Im analytischen Nachvollzug von Strategien, Praktiken und Allianzen der Wissenskonstruktion will die Tagung die Frage nach den Funktionen dieses volkskundlich-kulturwissenschaftlichen Wissens im jeweiligen gesellschaftsgeschichtlichen Kontext stellen und zentral positionieren.

OrganisatorInnen:

Dr. Sabine Eggmann, Schweizerische Gesellschaft für Volkskunde (SGV), Basel/CH
Mag.a Birgit Johler, Haus der Geschichte Österreich, Wien/A
Dr. Konrad Kuhn, Seminar für Kulturwissenschaft und Europäische Ethnologie,
Universität Basel/CH & Institut für Geschichtswissenschaften und Europäische Ethnologie - Fachbereich Europäische Ethnologie, Universität Innsbruck/A
Mag.a Magdalena Puchberger, Institut für Europäische Ethnologie, Universität
Wien/A

Vergangene Tagungen

Donnerstag 07. September 2017 — Samstag 09. September 2017 — Basel & Zürich

Von Schlemmer bis Veganer: Die Kultur von Essen

Schweizerische Gesellschaft für Volkskunde (SGV)

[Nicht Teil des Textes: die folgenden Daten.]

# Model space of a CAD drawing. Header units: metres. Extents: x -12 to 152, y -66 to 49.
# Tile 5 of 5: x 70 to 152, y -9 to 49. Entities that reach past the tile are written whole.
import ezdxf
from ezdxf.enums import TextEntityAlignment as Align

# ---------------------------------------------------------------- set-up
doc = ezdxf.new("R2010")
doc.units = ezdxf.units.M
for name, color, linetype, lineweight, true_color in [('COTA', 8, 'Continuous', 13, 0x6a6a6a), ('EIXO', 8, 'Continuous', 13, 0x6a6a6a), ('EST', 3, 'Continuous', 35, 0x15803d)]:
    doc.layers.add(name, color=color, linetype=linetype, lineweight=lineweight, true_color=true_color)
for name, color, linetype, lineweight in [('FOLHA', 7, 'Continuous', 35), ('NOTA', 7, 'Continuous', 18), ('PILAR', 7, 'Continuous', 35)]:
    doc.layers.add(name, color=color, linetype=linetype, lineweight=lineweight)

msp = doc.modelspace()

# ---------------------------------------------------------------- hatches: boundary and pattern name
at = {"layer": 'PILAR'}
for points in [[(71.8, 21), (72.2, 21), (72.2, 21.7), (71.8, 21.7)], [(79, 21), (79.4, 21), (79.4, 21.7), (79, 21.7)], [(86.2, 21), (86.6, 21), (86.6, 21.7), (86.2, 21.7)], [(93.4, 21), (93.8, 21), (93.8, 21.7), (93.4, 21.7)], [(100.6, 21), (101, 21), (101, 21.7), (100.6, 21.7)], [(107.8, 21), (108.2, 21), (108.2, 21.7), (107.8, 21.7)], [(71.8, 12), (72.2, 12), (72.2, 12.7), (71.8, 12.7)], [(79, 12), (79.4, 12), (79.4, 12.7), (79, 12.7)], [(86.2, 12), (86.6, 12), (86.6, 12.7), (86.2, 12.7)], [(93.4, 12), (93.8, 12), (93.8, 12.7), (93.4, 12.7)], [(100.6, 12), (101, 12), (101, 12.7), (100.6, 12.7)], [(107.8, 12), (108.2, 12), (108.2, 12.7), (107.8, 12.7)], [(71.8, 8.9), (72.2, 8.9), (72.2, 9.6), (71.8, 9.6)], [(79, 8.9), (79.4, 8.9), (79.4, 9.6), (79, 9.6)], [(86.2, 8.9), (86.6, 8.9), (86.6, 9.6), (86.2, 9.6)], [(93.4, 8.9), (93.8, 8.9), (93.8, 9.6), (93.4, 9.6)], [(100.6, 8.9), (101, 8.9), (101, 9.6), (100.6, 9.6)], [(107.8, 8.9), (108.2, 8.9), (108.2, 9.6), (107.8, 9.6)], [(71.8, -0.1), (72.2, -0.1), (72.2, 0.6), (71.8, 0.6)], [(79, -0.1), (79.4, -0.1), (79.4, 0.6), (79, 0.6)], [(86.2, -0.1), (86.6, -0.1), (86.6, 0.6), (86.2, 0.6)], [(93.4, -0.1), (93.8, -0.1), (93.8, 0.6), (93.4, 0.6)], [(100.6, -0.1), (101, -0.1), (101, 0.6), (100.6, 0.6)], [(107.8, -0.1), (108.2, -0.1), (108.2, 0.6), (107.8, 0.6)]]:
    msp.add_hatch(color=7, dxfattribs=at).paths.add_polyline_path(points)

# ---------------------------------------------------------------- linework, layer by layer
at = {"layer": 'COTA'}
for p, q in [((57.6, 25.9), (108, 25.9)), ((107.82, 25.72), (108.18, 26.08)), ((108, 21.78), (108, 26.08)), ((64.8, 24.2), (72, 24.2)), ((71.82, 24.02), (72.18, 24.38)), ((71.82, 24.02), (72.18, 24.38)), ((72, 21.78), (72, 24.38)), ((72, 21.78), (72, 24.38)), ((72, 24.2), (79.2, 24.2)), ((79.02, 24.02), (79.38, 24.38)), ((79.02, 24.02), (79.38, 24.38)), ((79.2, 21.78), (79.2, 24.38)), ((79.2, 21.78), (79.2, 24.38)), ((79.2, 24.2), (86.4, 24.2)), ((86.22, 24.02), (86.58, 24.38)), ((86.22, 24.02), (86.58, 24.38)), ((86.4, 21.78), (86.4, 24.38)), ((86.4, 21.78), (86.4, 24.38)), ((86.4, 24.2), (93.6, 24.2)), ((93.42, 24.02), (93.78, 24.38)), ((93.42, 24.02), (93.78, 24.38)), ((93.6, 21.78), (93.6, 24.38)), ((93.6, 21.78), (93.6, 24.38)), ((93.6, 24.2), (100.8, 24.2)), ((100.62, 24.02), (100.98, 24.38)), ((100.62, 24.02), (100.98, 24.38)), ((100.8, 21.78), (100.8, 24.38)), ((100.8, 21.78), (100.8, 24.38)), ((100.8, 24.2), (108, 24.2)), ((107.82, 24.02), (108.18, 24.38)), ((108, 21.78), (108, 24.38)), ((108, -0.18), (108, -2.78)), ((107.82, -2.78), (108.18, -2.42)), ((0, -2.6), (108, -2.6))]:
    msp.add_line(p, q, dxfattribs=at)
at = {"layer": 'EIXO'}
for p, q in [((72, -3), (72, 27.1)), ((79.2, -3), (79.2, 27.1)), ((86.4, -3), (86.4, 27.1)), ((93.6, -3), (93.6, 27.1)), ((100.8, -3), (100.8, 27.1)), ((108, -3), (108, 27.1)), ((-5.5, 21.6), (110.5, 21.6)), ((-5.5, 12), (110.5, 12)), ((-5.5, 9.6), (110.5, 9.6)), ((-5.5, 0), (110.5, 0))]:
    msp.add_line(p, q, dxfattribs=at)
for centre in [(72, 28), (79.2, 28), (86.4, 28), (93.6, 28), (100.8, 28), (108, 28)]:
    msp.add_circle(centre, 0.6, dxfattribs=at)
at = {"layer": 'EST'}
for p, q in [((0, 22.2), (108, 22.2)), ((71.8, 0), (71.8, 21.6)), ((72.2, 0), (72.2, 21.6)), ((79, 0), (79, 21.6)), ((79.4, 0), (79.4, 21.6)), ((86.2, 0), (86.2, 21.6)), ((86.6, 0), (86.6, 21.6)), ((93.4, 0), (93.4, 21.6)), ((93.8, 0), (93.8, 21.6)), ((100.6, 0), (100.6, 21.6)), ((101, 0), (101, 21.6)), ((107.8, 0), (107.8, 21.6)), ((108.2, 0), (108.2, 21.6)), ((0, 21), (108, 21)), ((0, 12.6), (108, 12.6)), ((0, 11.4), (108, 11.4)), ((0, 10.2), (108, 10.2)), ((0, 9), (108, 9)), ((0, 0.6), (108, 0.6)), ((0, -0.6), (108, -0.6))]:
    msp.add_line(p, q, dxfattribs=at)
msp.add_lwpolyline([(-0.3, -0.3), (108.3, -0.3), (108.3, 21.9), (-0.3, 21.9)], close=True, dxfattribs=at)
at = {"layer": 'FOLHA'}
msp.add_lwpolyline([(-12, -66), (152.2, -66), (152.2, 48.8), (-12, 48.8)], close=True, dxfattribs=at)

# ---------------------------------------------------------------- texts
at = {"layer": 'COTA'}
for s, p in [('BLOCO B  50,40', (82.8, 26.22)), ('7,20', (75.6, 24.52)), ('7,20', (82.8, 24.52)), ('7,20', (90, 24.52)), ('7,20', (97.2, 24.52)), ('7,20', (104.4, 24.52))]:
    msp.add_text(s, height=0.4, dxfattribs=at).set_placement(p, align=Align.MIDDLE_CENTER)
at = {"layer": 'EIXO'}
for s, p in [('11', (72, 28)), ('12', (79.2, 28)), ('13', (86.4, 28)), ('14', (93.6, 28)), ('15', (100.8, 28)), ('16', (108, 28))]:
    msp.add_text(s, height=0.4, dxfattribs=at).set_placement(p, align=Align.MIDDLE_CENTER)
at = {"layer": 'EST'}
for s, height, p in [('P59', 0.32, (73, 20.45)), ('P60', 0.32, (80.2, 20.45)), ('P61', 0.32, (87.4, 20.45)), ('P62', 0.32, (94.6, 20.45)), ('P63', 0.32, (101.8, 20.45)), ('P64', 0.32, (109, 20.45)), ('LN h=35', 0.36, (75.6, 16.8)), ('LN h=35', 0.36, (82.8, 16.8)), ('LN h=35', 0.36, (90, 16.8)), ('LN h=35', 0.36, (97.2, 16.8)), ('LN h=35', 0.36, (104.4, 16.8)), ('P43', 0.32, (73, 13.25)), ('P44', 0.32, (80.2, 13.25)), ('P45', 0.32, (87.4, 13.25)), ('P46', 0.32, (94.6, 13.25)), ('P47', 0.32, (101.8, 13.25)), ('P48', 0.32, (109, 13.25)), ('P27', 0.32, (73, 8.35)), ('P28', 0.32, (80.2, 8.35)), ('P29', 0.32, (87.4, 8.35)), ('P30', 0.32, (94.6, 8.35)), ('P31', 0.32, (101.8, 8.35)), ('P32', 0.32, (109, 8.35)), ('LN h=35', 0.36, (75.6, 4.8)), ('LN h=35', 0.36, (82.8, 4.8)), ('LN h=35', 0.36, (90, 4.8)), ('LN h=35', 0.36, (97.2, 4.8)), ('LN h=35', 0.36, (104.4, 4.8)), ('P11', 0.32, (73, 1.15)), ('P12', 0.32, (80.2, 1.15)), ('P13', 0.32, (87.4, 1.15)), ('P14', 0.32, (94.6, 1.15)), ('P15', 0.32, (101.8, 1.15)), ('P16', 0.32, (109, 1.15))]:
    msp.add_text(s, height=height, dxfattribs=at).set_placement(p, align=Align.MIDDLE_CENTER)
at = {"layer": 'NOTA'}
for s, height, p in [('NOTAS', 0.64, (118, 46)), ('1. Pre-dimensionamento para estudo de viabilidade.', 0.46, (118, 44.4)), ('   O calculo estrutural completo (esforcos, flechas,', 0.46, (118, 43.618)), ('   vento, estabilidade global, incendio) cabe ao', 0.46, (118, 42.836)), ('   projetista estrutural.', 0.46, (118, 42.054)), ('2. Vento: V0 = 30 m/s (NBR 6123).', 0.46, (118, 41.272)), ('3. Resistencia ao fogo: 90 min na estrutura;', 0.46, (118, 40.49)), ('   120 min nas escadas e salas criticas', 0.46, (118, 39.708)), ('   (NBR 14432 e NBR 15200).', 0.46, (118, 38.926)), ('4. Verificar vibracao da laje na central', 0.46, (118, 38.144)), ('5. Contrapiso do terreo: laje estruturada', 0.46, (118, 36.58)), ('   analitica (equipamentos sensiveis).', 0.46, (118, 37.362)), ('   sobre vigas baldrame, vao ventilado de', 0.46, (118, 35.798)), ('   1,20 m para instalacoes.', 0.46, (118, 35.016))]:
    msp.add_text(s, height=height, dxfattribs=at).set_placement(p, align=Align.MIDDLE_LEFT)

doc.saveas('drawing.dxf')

Die Studierendentagung bietet die Möglichkeit, in die aktuellen Debatten und Forschungstätigkeiten der Kulturanthropologie einzutauchen. Anhand unterschiedlicher Formate wird das wissenschaftliche Arbeiten – am spezifischen Thema Essen – vorgestellt und gemeinsam trainiert. Von der Präsentation eigener (Seminar)-Arbeiten über Science Slam und Filmanalyse bis hin zu vertieften Textdiskussionen wird der Austausch über kulturanthropologisches Denken und Forschen angeregt. Alle Teilnehmenden erhalten einen Reader mit ausgewählter Fachliteratur, um sich inhaltlich einzulesen und die gemeinsamen Diskussionen an der Tagung vorzubereiten.